- _Action item_: What you produce should match the records below precisely, except that images are removed.

:: Record excerpts ::

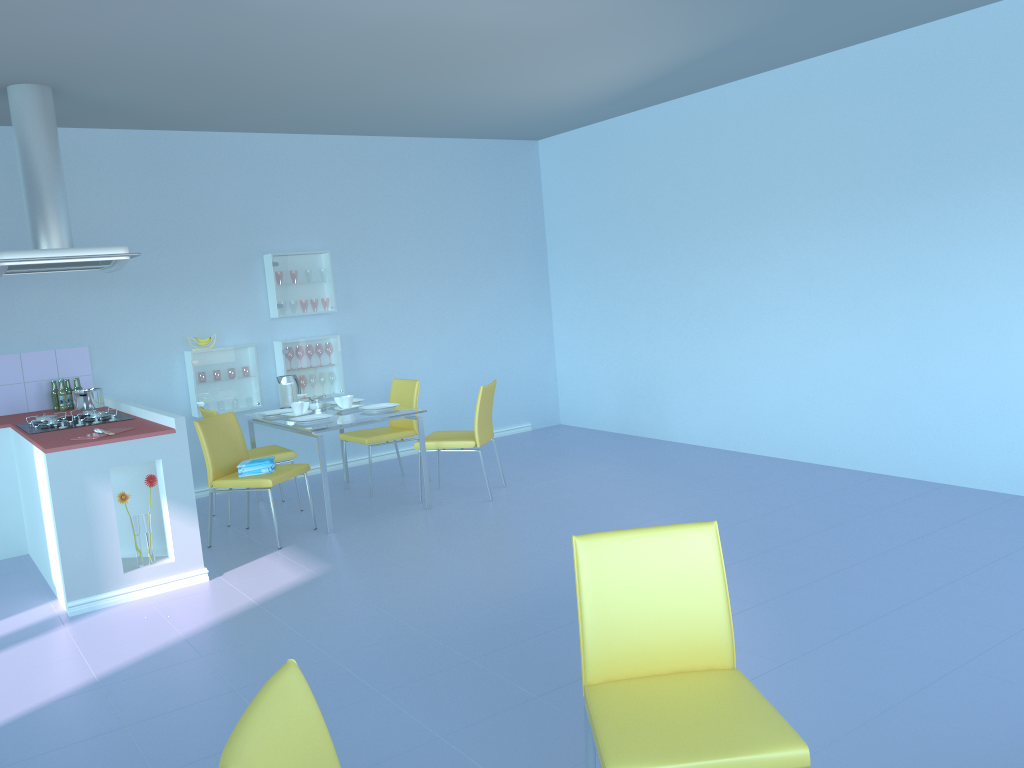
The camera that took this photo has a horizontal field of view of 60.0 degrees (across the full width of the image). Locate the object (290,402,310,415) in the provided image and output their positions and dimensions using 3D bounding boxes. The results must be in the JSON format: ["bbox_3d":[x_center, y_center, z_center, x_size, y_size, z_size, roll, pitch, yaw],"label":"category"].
[{"bbox_3d":[-1.313,0.156,5.469,0.111,0.083,0.091,0,8,37],"label":"object"}]

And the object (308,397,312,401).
[{"bbox_3d":[-1.265,0.117,5.636,0.023,0.079,0.077,-2,7,20],"label":"object"}]

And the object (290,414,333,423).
[{"bbox_3d":[-1.177,0.206,5.215,0.228,0.020,0.228,-10,8,-38],"label":"object"}]

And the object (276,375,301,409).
[{"bbox_3d":[-1.483,0.055,5.878,0.132,0.222,0.146,-4,7,8],"label":"object"}]

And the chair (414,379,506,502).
[{"bbox_3d":[-0.321,0.346,5.546,0.484,0.695,0.387,-3,7,13],"label":"chair"}]

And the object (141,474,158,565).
[{"bbox_3d":[-1.684,0.632,4.141,0.090,0.427,0.054,-5,6,-3],"label":"object"}]

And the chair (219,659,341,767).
[{"bbox_3d":[-0.130,0.808,1.350,0.484,0.699,0.387,-5,6,1],"label":"chair"}]

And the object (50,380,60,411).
[{"bbox_3d":[-2.806,0.071,5.451,0.052,0.190,0.052,-2,7,20],"label":"object"}]

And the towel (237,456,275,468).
[{"bbox_3d":[-1.419,0.436,4.911,0.195,0.033,0.190,-6,7,-8],"label":"towel"}]

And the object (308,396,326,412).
[{"bbox_3d":[-1.237,0.127,5.681,0.166,0.081,0.123,-11,9,-43],"label":"object"}]

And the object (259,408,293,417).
[{"bbox_3d":[-1.479,0.184,5.631,0.228,0.020,0.228,-9,8,-33],"label":"object"}]

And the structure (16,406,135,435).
[{"bbox_3d":[-2.361,0.182,4.778,0.500,0.047,0.600,-9,8,-34],"label":"structure"}]

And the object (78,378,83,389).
[{"bbox_3d":[-2.708,0.054,5.545,0.052,0.187,0.052,-7,7,-16],"label":"object"}]

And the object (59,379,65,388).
[{"bbox_3d":[-2.792,0.062,5.520,0.052,0.190,0.052,-2,7,20],"label":"object"}]

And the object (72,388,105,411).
[{"bbox_3d":[-2.369,0.085,4.959,0.170,0.106,0.157,0,8,38],"label":"object"}]

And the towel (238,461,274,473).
[{"bbox_3d":[-1.416,0.452,4.910,0.195,0.027,0.192,-6,7,-14],"label":"towel"}]

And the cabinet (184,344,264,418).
[{"bbox_3d":[-1.991,-0.027,6.145,0.450,0.450,0.173,-9,8,-34],"label":"cabinet"}]

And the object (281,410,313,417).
[{"bbox_3d":[-1.301,0.186,5.484,0.190,0.020,0.194,-11,9,-43],"label":"object"}]

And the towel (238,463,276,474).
[{"bbox_3d":[-1.412,0.467,4.914,0.195,0.024,0.201,-6,7,-10],"label":"towel"}]

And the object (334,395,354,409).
[{"bbox_3d":[-1.048,0.119,5.593,0.111,0.083,0.091,-2,7,27],"label":"object"}]

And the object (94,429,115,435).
[{"bbox_3d":[-1.955,0.225,4.220,0.041,0.009,0.375,-10,8,-38],"label":"object"}]

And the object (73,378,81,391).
[{"bbox_3d":[-2.682,0.059,5.481,0.052,0.187,0.052,-7,7,-16],"label":"object"}]

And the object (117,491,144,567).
[{"bbox_3d":[-1.763,0.674,4.104,0.085,0.365,0.050,-10,8,-36],"label":"object"}]

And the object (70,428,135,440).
[{"bbox_3d":[-1.923,0.234,4.173,0.151,0.006,0.269,-3,7,17],"label":"object"}]

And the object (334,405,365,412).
[{"bbox_3d":[-1.052,0.154,5.585,0.194,0.020,0.190,0,8,36],"label":"object"}]

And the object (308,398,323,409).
[{"bbox_3d":[-1.252,0.130,5.667,0.090,0.071,0.087,-2,7,20],"label":"object"}]

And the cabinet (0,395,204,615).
[{"bbox_3d":[-2.918,0.657,4.331,2.200,0.800,2.139,-9,8,-34],"label":"cabinet"}]

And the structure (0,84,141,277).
[{"bbox_3d":[-2.459,-1.054,4.641,0.695,0.962,0.895,-9,8,-34],"label":"structure"}]

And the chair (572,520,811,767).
[{"bbox_3d":[0.355,0.703,1.898,0.387,0.695,0.484,-5,6,-4],"label":"chair"}]

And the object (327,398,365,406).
[{"bbox_3d":[-1.104,0.124,5.883,0.228,0.020,0.228,-10,8,-38],"label":"object"}]

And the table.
[{"bbox_3d":[-1.112,0.469,5.564,0.730,0.590,1.173,-9,8,-34],"label":"table"}]

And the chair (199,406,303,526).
[{"bbox_3d":[-1.633,0.462,5.511,0.484,0.695,0.387,-9,8,-32],"label":"chair"}]

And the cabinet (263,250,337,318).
[{"bbox_3d":[-1.529,-0.725,6.432,0.450,0.450,0.173,-9,8,-34],"label":"cabinet"}]

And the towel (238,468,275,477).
[{"bbox_3d":[-1.414,0.481,4.911,0.195,0.024,0.201,-7,7,-15],"label":"towel"}]

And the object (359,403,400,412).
[{"bbox_3d":[-0.818,0.146,5.475,0.228,0.020,0.228,-10,8,-38],"label":"object"}]

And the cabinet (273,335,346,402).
[{"bbox_3d":[-1.477,-0.112,6.501,0.450,0.450,0.173,-9,8,-34],"label":"cabinet"}]

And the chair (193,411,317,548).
[{"bbox_3d":[-1.428,0.512,4.915,0.484,0.695,0.387,-3,7,19],"label":"chair"}]

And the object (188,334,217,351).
[{"bbox_3d":[-2.110,-0.284,6.060,0.203,0.100,0.077,-11,9,-42],"label":"object"}]

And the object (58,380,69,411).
[{"bbox_3d":[-2.747,0.070,5.422,0.052,0.190,0.052,-2,7,20],"label":"object"}]

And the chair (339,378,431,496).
[{"bbox_3d":[-0.867,0.340,6.011,0.484,0.695,0.387,-10,8,-37],"label":"chair"}]

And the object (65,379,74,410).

:::

- _Reply to the task_:
The camera that took this photo has a horizontal field of view of 60.0 degrees (across the full width of the image). Locate the object (290,402,310,415) in the provided image and output their positions and dimensions using 3D bounding boxes. The results must be in the JSON format: ["bbox_3d":[x_center, y_center, z_center, x_size, y_size, z_size, roll, pitch, yaw],"label":"category"].
[{"bbox_3d":[-1.313,0.156,5.469,0.111,0.083,0.091,0,8,37],"label":"object"}]

And the object (308,397,312,401).
[{"bbox_3d":[-1.265,0.117,5.636,0.023,0.079,0.077,-2,7,20],"label":"object"}]

And the object (290,414,333,423).
[{"bbox_3d":[-1.177,0.206,5.215,0.228,0.020,0.228,-10,8,-38],"label":"object"}]

And the object (276,375,301,409).
[{"bbox_3d":[-1.483,0.055,5.878,0.132,0.222,0.146,-4,7,8],"label":"object"}]

And the chair (414,379,506,502).
[{"bbox_3d":[-0.321,0.346,5.546,0.484,0.695,0.387,-3,7,13],"label":"chair"}]

And the object (141,474,158,565).
[{"bbox_3d":[-1.684,0.632,4.141,0.090,0.427,0.054,-5,6,-3],"label":"object"}]

And the chair (219,659,341,767).
[{"bbox_3d":[-0.130,0.808,1.350,0.484,0.699,0.387,-5,6,1],"label":"chair"}]

And the object (50,380,60,411).
[{"bbox_3d":[-2.806,0.071,5.451,0.052,0.190,0.052,-2,7,20],"label":"object"}]

And the towel (237,456,275,468).
[{"bbox_3d":[-1.419,0.436,4.911,0.195,0.033,0.190,-6,7,-8],"label":"towel"}]

And the object (308,396,326,412).
[{"bbox_3d":[-1.237,0.127,5.681,0.166,0.081,0.123,-11,9,-43],"label":"object"}]

And the object (259,408,293,417).
[{"bbox_3d":[-1.479,0.184,5.631,0.228,0.020,0.228,-9,8,-33],"label":"object"}]

And the structure (16,406,135,435).
[{"bbox_3d":[-2.361,0.182,4.778,0.500,0.047,0.600,-9,8,-34],"label":"structure"}]

And the object (78,378,83,389).
[{"bbox_3d":[-2.708,0.054,5.545,0.052,0.187,0.052,-7,7,-16],"label":"object"}]

And the object (59,379,65,388).
[{"bbox_3d":[-2.792,0.062,5.520,0.052,0.190,0.052,-2,7,20],"label":"object"}]

And the object (72,388,105,411).
[{"bbox_3d":[-2.369,0.085,4.959,0.170,0.106,0.157,0,8,38],"label":"object"}]

And the towel (238,461,274,473).
[{"bbox_3d":[-1.416,0.452,4.910,0.195,0.027,0.192,-6,7,-14],"label":"towel"}]

And the cabinet (184,344,264,418).
[{"bbox_3d":[-1.991,-0.027,6.145,0.450,0.450,0.173,-9,8,-34],"label":"cabinet"}]

And the object (281,410,313,417).
[{"bbox_3d":[-1.301,0.186,5.484,0.190,0.020,0.194,-11,9,-43],"label":"object"}]

And the towel (238,463,276,474).
[{"bbox_3d":[-1.412,0.467,4.914,0.195,0.024,0.201,-6,7,-10],"label":"towel"}]

And the object (334,395,354,409).
[{"bbox_3d":[-1.048,0.119,5.593,0.111,0.083,0.091,-2,7,27],"label":"object"}]

And the object (94,429,115,435).
[{"bbox_3d":[-1.955,0.225,4.220,0.041,0.009,0.375,-10,8,-38],"label":"object"}]

And the object (73,378,81,391).
[{"bbox_3d":[-2.682,0.059,5.481,0.052,0.187,0.052,-7,7,-16],"label":"object"}]

And the object (117,491,144,567).
[{"bbox_3d":[-1.763,0.674,4.104,0.085,0.365,0.050,-10,8,-36],"label":"object"}]

And the object (70,428,135,440).
[{"bbox_3d":[-1.923,0.234,4.173,0.151,0.006,0.269,-3,7,17],"label":"object"}]

And the object (334,405,365,412).
[{"bbox_3d":[-1.052,0.154,5.585,0.194,0.020,0.190,0,8,36],"label":"object"}]

And the object (308,398,323,409).
[{"bbox_3d":[-1.252,0.130,5.667,0.090,0.071,0.087,-2,7,20],"label":"object"}]

And the cabinet (0,395,204,615).
[{"bbox_3d":[-2.918,0.657,4.331,2.200,0.800,2.139,-9,8,-34],"label":"cabinet"}]

And the structure (0,84,141,277).
[{"bbox_3d":[-2.459,-1.054,4.641,0.695,0.962,0.895,-9,8,-34],"label":"structure"}]

And the chair (572,520,811,767).
[{"bbox_3d":[0.355,0.703,1.898,0.387,0.695,0.484,-5,6,-4],"label":"chair"}]

And the object (327,398,365,406).
[{"bbox_3d":[-1.104,0.124,5.883,0.228,0.020,0.228,-10,8,-38],"label":"object"}]

And the table.
[{"bbox_3d":[-1.112,0.469,5.564,0.730,0.590,1.173,-9,8,-34],"label":"table"}]

And the chair (199,406,303,526).
[{"bbox_3d":[-1.633,0.462,5.511,0.484,0.695,0.387,-9,8,-32],"label":"chair"}]

And the cabinet (263,250,337,318).
[{"bbox_3d":[-1.529,-0.725,6.432,0.450,0.450,0.173,-9,8,-34],"label":"cabinet"}]

And the towel (238,468,275,477).
[{"bbox_3d":[-1.414,0.481,4.911,0.195,0.024,0.201,-7,7,-15],"label":"towel"}]

And the object (359,403,400,412).
[{"bbox_3d":[-0.818,0.146,5.475,0.228,0.020,0.228,-10,8,-38],"label":"object"}]

And the cabinet (273,335,346,402).
[{"bbox_3d":[-1.477,-0.112,6.501,0.450,0.450,0.173,-9,8,-34],"label":"cabinet"}]

And the chair (193,411,317,548).
[{"bbox_3d":[-1.428,0.512,4.915,0.484,0.695,0.387,-3,7,19],"label":"chair"}]

And the object (188,334,217,351).
[{"bbox_3d":[-2.110,-0.284,6.060,0.203,0.100,0.077,-11,9,-42],"label":"object"}]

And the object (58,380,69,411).
[{"bbox_3d":[-2.747,0.070,5.422,0.052,0.190,0.052,-2,7,20],"label":"object"}]

And the chair (339,378,431,496).
[{"bbox_3d":[-0.867,0.340,6.011,0.484,0.695,0.387,-10,8,-37],"label":"chair"}]

And the object (65,379,74,410).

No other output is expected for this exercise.